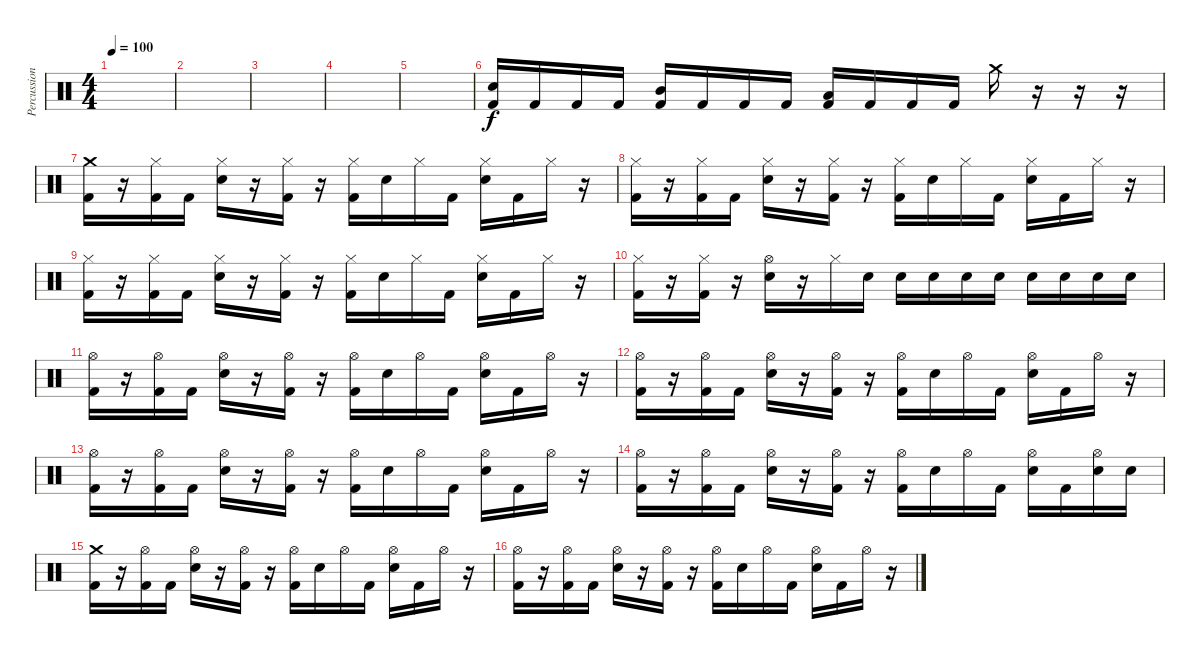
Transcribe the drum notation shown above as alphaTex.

\track ("Percussion" "Percussion") {instrument percussion}
\staff {score}
\articulation defaults
\ts (4 4)
\tempo 100
\clef neutral
\ks c
|
|
|
|
|
("Snare (hit) 2" "Kick (hit) 2").16 "Kick (hit) 2".16 "Kick (hit) 2".16 "Kick (hit) 2".16 ("Mid Tom (hit)" "Kick (hit) 2").16 "Kick (hit) 2".16 "Kick (hit) 2".16 "Kick (hit) 2".16 ("Low Tom (hit)" "Kick (hit) 2").16 "Kick (hit) 2".16 "Kick (hit) 2".16 "Kick (hit) 2".16 "Crash medium (hit)".16 r.16 r.16 r.16 |
("Crash medium (hit)" "Kick (hit) 2").16 r.16 ("Hi-Hat (closed)" "Kick (hit) 2").16 "Kick (hit) 2".16 ("Hi-Hat (closed)" "Snare (hit) 2").16 r.16 ("Hi-Hat (closed)" "Kick (hit) 2").16 r.16 ("Hi-Hat (closed)" "Kick (hit) 2").16 "Snare (hit) 2".16 "Hi-Hat (closed)".16 "Kick (hit) 2".16 ("Hi-Hat (closed)" "Snare (hit) 2").16 "Kick (hit) 2".16 "Hi-Hat (closed)".16 r.16 |
("Hi-Hat (closed)" "Kick (hit) 2").16 r.16 ("Hi-Hat (closed)" "Kick (hit) 2").16 "Kick (hit) 2".16 ("Hi-Hat (closed)" "Snare (hit) 2").16 r.16 ("Hi-Hat (closed)" "Kick (hit) 2").16 r.16 ("Hi-Hat (closed)" "Kick (hit) 2").16 "Snare (hit) 2".16 "Hi-Hat (closed)".16 "Kick (hit) 2".16 ("Hi-Hat (closed)" "Snare (hit) 2").16 "Kick (hit) 2".16 "Hi-Hat (closed)".16 r.16 |
("Hi-Hat (closed)" "Kick (hit) 2").16 r.16 ("Hi-Hat (closed)" "Kick (hit) 2").16 "Kick (hit) 2".16 ("Hi-Hat (closed)" "Snare (hit) 2").16 r.16 ("Hi-Hat (closed)" "Kick (hit) 2").16 r.16 ("Hi-Hat (closed)" "Kick (hit) 2").16 "Snare (hit) 2".16 "Hi-Hat (closed)".16 "Kick (hit) 2".16 ("Hi-Hat (closed)" "Snare (hit) 2").16 "Kick (hit) 2".16 "Hi-Hat (closed)".16 r.16 |
("Hi-Hat (closed)" "Kick (hit) 2").16 r.16 ("Hi-Hat (closed)" "Kick (hit) 2").16 r.16 ("Hi-Hat (open)" "Snare (hit) 2").16 r.16 "Hi-Hat (closed)".16 "Snare (hit) 2".16 "Snare (hit) 2".16 "Snare (hit) 2".16 "Snare (hit) 2".16 "Snare (hit) 2".16 "Snare (hit) 2".16 "Snare (hit) 2".16 "Snare (hit) 2".16 "Snare (hit) 2".16 |
("Hi-Hat (open)" "Kick (hit) 2").16 r.16 ("Hi-Hat (open)" "Kick (hit) 2").16 "Kick (hit) 2".16 ("Hi-Hat (open)" "Snare (hit) 2").16 r.16 ("Hi-Hat (open)" "Kick (hit) 2").16 r.16 ("Hi-Hat (open)" "Kick (hit) 2").16 "Snare (hit) 2".16 "Hi-Hat (open)".16 "Kick (hit) 2".16 ("Hi-Hat (open)" "Snare (hit) 2").16 "Kick (hit) 2".16 "Hi-Hat (open)".16 r.16 |
("Hi-Hat (open)" "Kick (hit) 2").16 r.16 ("Hi-Hat (open)" "Kick (hit) 2").16 "Kick (hit) 2".16 ("Hi-Hat (open)" "Snare (hit) 2").16 r.16 ("Hi-Hat (open)" "Kick (hit) 2").16 r.16 ("Hi-Hat (open)" "Kick (hit) 2").16 "Snare (hit) 2".16 "Hi-Hat (open)".16 "Kick (hit) 2".16 ("Hi-Hat (open)" "Snare (hit) 2").16 "Kick (hit) 2".16 "Hi-Hat (open)".16 r.16 |
("Hi-Hat (open)" "Kick (hit) 2").16 r.16 ("Hi-Hat (open)" "Kick (hit) 2").16 "Kick (hit) 2".16 ("Hi-Hat (open)" "Snare (hit) 2").16 r.16 ("Hi-Hat (open)" "Kick (hit) 2").16 r.16 ("Hi-Hat (open)" "Kick (hit) 2").16 "Snare (hit) 2".16 "Hi-Hat (open)".16 "Kick (hit) 2".16 ("Hi-Hat (open)" "Snare (hit) 2").16 "Kick (hit) 2".16 "Hi-Hat (open)".16 r.16 |
("Hi-Hat (open)" "Kick (hit) 2").16 r.16 ("Hi-Hat (open)" "Kick (hit) 2").16 "Kick (hit) 2".16 ("Hi-Hat (open)" "Snare (hit) 2").16 r.16 ("Hi-Hat (open)" "Kick (hit) 2").16 r.16 ("Hi-Hat (open)" "Kick (hit) 2").16 "Snare (hit) 2".16 "Hi-Hat (open)".16 "Kick (hit) 2".16 ("Hi-Hat (open)" "Snare (hit) 2").16 "Kick (hit) 2".16 ("Hi-Hat (open)" "Snare (hit) 2").16 "Snare (hit) 2".16 |
("Crash medium (hit)" "Kick (hit) 2").16 r.16 ("Hi-Hat (open)" "Kick (hit) 2").16 "Kick (hit) 2".16 ("Hi-Hat (open)" "Snare (hit) 2").16 r.16 ("Hi-Hat (open)" "Kick (hit) 2").16 r.16 ("Hi-Hat (open)" "Kick (hit) 2").16 "Snare (hit) 2".16 "Hi-Hat (open)".16 "Kick (hit) 2".16 ("Hi-Hat (open)" "Snare (hit) 2").16 "Kick (hit) 2".16 "Hi-Hat (open)".16 r.16 |
("Hi-Hat (open)" "Kick (hit) 2").16 r.16 ("Hi-Hat (open)" "Kick (hit) 2").16 "Kick (hit) 2".16 ("Hi-Hat (open)" "Snare (hit) 2").16 r.16 ("Hi-Hat (open)" "Kick (hit) 2").16 r.16 ("Hi-Hat (open)" "Kick (hit) 2").16 "Snare (hit) 2".16 "Hi-Hat (open)".16 "Kick (hit) 2".16 ("Hi-Hat (open)" "Snare (hit) 2").16 "Kick (hit) 2".16 "Hi-Hat (open)".16 r.16
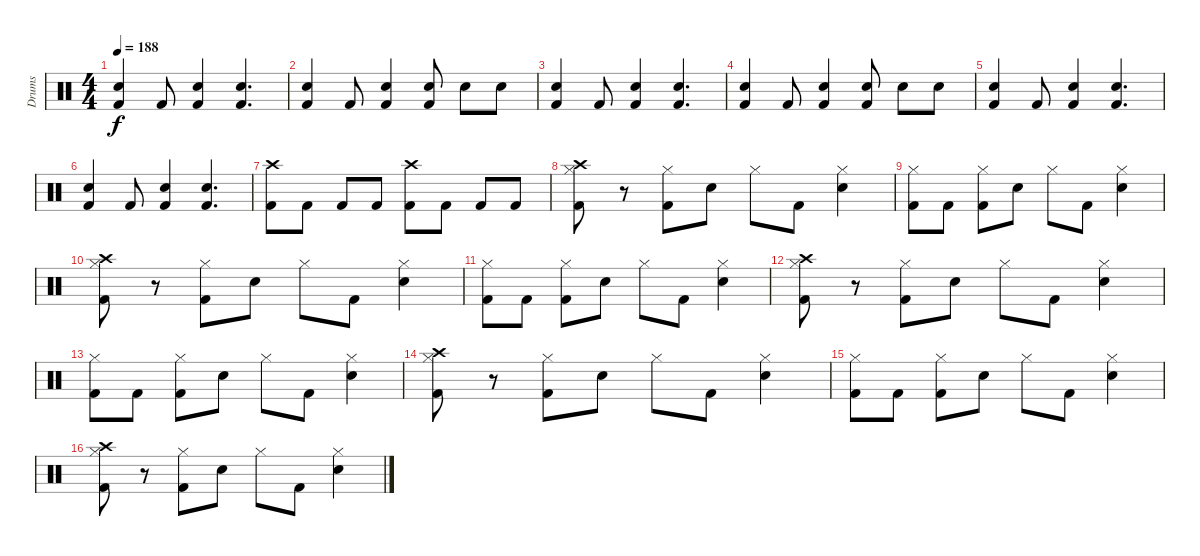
\track ("Drums" "Drums") {instrument percussion}
\staff {score}
\articulation defaults
\ts (4 4)
\tempo 188
\clef neutral
\ks c
("Snare (hit) 2" "Kick (hit) 2").4{dy f} "Kick (hit) 2".8 ("Snare (hit) 2" "Kick (hit) 2").4 ("Snare (hit) 2" "Kick (hit) 2").4{d} |
("Snare (hit) 2" "Kick (hit) 2").4 "Kick (hit) 2".8 ("Snare (hit) 2" "Kick (hit) 2").4 ("Snare (hit) 2" "Kick (hit) 2").8 "Snare (hit) 2".8 "Snare (hit) 2".8 |
("Snare (hit) 2" "Kick (hit) 2").4 "Kick (hit) 2".8 ("Snare (hit) 2" "Kick (hit) 2").4 ("Snare (hit) 2" "Kick (hit) 2").4{d} |
("Snare (hit) 2" "Kick (hit) 2").4 "Kick (hit) 2".8 ("Snare (hit) 2" "Kick (hit) 2").4 ("Snare (hit) 2" "Kick (hit) 2").8 "Snare (hit) 2".8 "Snare (hit) 2".8 |
("Snare (hit) 2" "Kick (hit) 2").4 "Kick (hit) 2".8 ("Snare (hit) 2" "Kick (hit) 2").4 ("Snare (hit) 2" "Kick (hit) 2").4{d} |
("Snare (hit) 2" "Kick (hit) 2").4 "Kick (hit) 2".8 ("Snare (hit) 2" "Kick (hit) 2").4 ("Snare (hit) 2" "Kick (hit) 2").4{d} |
("Crash high (hit)" "Kick (hit) 2").8 "Kick (hit) 2".8 "Kick (hit) 2".8 "Kick (hit) 2".8 ("Crash high (hit)" "Kick (hit) 2").8 "Kick (hit) 2".8 "Kick (hit) 2".8 "Kick (hit) 2".8 |
("Crash high (hit)" "Hi-Hat (closed)" "Kick (hit) 2").8 r.8 ("Hi-Hat (closed)" "Kick (hit) 2").8 "Snare (hit) 2".8 "Hi-Hat (closed)".8 "Kick (hit) 2".8 ("Hi-Hat (closed)" "Snare (hit) 2").4 |
("Hi-Hat (closed)" "Kick (hit) 2").8 "Kick (hit) 2".8 ("Hi-Hat (closed)" "Kick (hit) 2").8 "Snare (hit) 2".8 "Hi-Hat (closed)".8 "Kick (hit) 2".8 ("Hi-Hat (closed)" "Snare (hit) 2").4 |
("Crash high (hit)" "Hi-Hat (closed)" "Kick (hit) 2").8 r.8 ("Hi-Hat (closed)" "Kick (hit) 2").8 "Snare (hit) 2".8 "Hi-Hat (closed)".8 "Kick (hit) 2".8 ("Hi-Hat (closed)" "Snare (hit) 2").4 |
("Hi-Hat (closed)" "Kick (hit) 2").8 "Kick (hit) 2".8 ("Hi-Hat (closed)" "Kick (hit) 2").8 "Snare (hit) 2".8 "Hi-Hat (closed)".8 "Kick (hit) 2".8 ("Hi-Hat (closed)" "Snare (hit) 2").4 |
("Crash high (hit)" "Hi-Hat (closed)" "Kick (hit) 2").8 r.8 ("Hi-Hat (closed)" "Kick (hit) 2").8 "Snare (hit) 2".8 "Hi-Hat (closed)".8 "Kick (hit) 2".8 ("Hi-Hat (closed)" "Snare (hit) 2").4 |
("Hi-Hat (closed)" "Kick (hit) 2").8 "Kick (hit) 2".8 ("Hi-Hat (closed)" "Kick (hit) 2").8 "Snare (hit) 2".8 "Hi-Hat (closed)".8 "Kick (hit) 2".8 ("Hi-Hat (closed)" "Snare (hit) 2").4 |
("Crash high (hit)" "Hi-Hat (closed)" "Kick (hit) 2").8 r.8 ("Hi-Hat (closed)" "Kick (hit) 2").8 "Snare (hit) 2".8 "Hi-Hat (closed)".8 "Kick (hit) 2".8 ("Hi-Hat (closed)" "Snare (hit) 2").4 |
("Hi-Hat (closed)" "Kick (hit) 2").8 "Kick (hit) 2".8 ("Hi-Hat (closed)" "Kick (hit) 2").8 "Snare (hit) 2".8 "Hi-Hat (closed)".8 "Kick (hit) 2".8 ("Hi-Hat (closed)" "Snare (hit) 2").4 |
("Crash high (hit)" "Hi-Hat (closed)" "Kick (hit) 2").8 r.8 ("Hi-Hat (closed)" "Kick (hit) 2").8 "Snare (hit) 2".8 "Hi-Hat (closed)".8 "Kick (hit) 2".8 ("Hi-Hat (closed)" "Snare (hit) 2").4

**Required work**
Across the records, how many lines contain "percussion"? Only the number should be given.

**Task answer**
2